Opened #16794 implementing the "fastest path" from the description: an assume-role branch between the custom-provider and default-chain steps that returns an StsAssumeRoleCredentialsProvider built from the existing client.assume-role.* properties (arn, region, session name, timeout, external id, tags), mirroring AssumeRoleAwsClientFactory#createCredentialsProvider. Static rest.* keys and client.credentials-provider keep precedence, and it is covered with unit tests.

@NathanCYee apologies if you were already mid-work on this — happy to collaborate. @xndai I kept it to the minimal option-1; glad to extract a shared utility (option 3) instead if you'd prefer to avoid the small duplication with AssumeRoleAwsClientFactory.

[NathanCYee]

Hi @GabrielBBaldez,

Thanks for taking a look at this! I hope the details I gave were helpful to your implementation. Apologies for the lack of communication, this is my first issue on this project and I have been trying to get familiar with the contribution process 😅.

I can take a look at updating the documentation for the updated behavior.
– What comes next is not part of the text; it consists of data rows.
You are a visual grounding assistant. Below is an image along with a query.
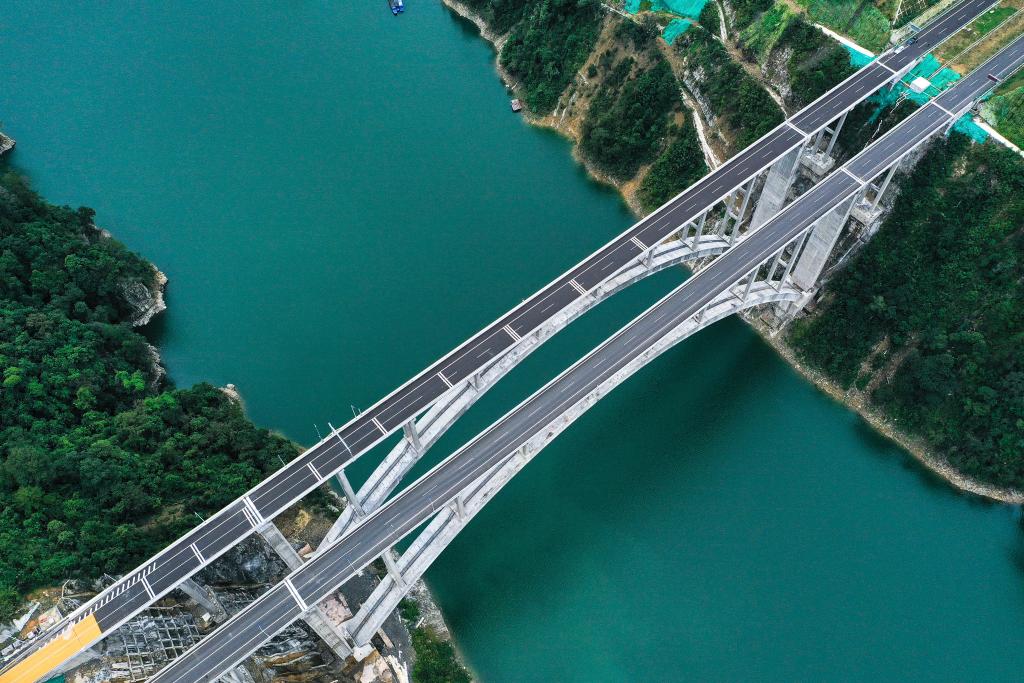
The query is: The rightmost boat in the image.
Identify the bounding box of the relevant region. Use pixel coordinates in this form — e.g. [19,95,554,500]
[506,97,520,110]
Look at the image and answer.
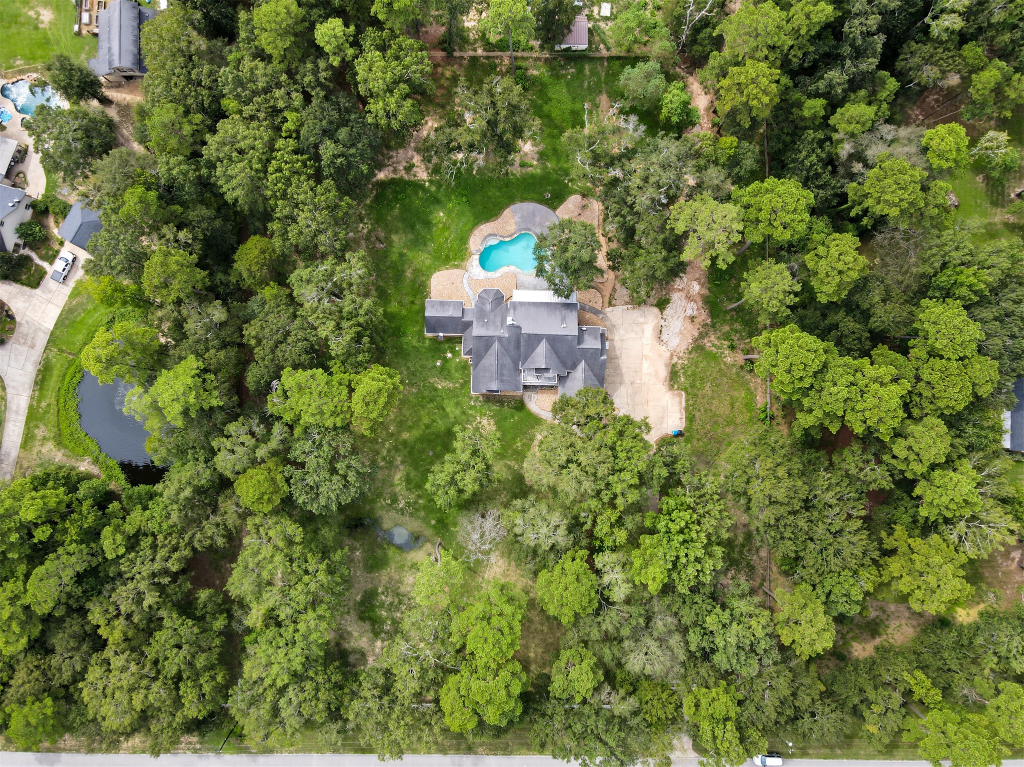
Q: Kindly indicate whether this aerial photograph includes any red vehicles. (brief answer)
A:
No
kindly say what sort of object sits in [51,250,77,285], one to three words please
truck
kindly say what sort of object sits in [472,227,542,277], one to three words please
swimming pool
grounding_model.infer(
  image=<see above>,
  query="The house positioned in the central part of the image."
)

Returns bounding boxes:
[424,288,607,401]
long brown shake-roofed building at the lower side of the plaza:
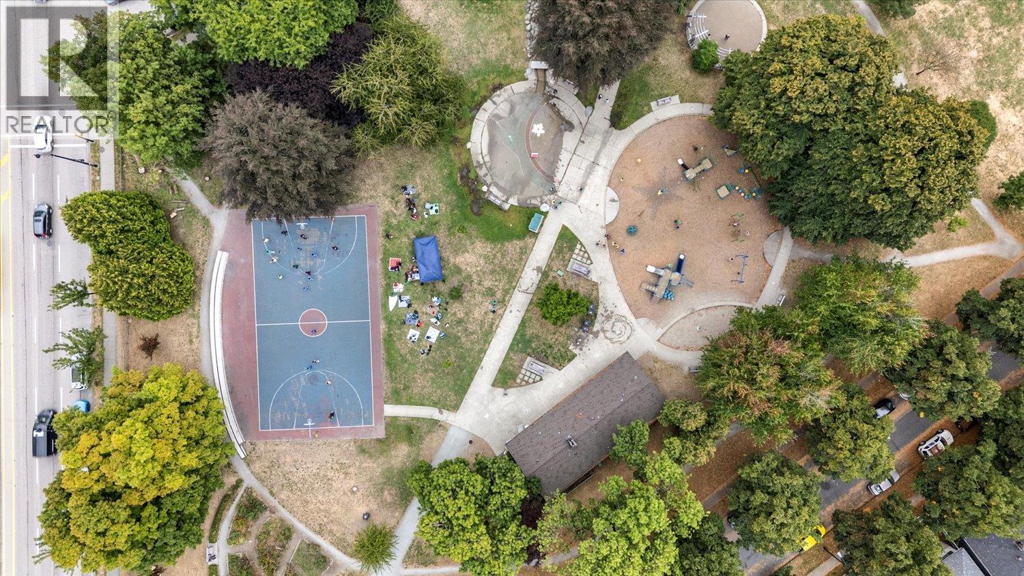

I was in the process of implementing option 3, happy to pull your fork and merge my in-progress work with yours.

[GabrielBBaldez]

No worries at all, and welcome — great first issue to dig into! 🙌 Your write-up was spot on and made the implementation straightforward.

Happy to join forces. To avoid duplicating effort: #16794 is up and green locally (option 1, the minimal path), so it's a working baseline. Since you're already on option 3 (the shared AssumeRole utility), that's likely the cleaner shape to fold everything into.

Either way, glad to combine and co-author — happy to add you on my fork (or you can PR your docs + option-3 work onto my branch) so it stays one clean PR crediting us both. Whatever's easiest for you!

[NathanCYee]

Thanks @GabrielBBaldez,

I set up a branch on NathanCYee/iceberg/aws-assume-role-rest-credentials that has forked yours. I will PR a docs update first, followed by the option-3 changes.